Figure 2 depicts a secondary low pressure system, which rapidly intensified while moving across the warm waters (~7C) of Georgian Bay behind the cold front, which continued to move east-southeast bringing deep convection and moisture around its centre and along the cold front.

Figure 2. Map of satellite-derived Great Lakes surface temperatures valid on 23 Nov 2013 provided by the NOAA Great Lakes Environmental Research Laboratory. The black arrow shows the path of the secondary low and the red circle indicates where the relatively warm waters of Georgian Bay (at around 7oC) caused rapid intensification (Sills et al., 2016).
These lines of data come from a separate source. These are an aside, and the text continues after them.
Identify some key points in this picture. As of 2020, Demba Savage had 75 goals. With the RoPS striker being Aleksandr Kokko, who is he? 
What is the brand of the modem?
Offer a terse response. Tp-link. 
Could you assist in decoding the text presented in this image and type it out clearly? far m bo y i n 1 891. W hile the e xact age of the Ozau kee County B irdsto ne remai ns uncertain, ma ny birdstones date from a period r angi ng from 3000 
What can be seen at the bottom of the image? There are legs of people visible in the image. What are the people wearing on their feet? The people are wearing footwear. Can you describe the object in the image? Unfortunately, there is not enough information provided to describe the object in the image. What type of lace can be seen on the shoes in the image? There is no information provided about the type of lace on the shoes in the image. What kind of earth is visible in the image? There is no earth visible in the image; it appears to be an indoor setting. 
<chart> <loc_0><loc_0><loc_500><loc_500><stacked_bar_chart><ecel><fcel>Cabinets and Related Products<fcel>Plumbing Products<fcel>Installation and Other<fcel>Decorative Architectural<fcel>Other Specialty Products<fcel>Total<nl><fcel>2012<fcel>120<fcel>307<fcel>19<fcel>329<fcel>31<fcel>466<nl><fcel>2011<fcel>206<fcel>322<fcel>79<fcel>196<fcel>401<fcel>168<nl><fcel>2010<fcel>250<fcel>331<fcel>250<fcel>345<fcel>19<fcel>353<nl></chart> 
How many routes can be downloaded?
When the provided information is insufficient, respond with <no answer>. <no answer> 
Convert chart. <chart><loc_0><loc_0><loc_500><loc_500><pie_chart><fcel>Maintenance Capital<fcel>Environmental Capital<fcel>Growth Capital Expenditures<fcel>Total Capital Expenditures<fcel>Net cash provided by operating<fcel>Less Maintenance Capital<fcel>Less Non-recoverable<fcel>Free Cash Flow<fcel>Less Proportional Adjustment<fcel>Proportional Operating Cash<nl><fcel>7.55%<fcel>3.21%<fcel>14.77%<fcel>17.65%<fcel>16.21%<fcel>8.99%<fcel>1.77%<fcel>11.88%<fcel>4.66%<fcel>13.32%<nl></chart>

According to Sills et al. (2016), stratiform precipitation occurred in the vicinity of the warm front, which is depicted in Figure 3 below. The surface temperatures across eastern Ontario during the tornado was observed to be -6C near the low pressure system, just below 0C ahead of the cold front and near -2C where the tornado occurred (Sills et al., 2016).


Figure 3. Composite analysis maps showing radar reflectivity, visible satellite imagery and surface observations at 1700 UTC showing a low centre, warm front (red line), cold front (blue line) and trough (dotted magenta line) (Sills et al., 2016).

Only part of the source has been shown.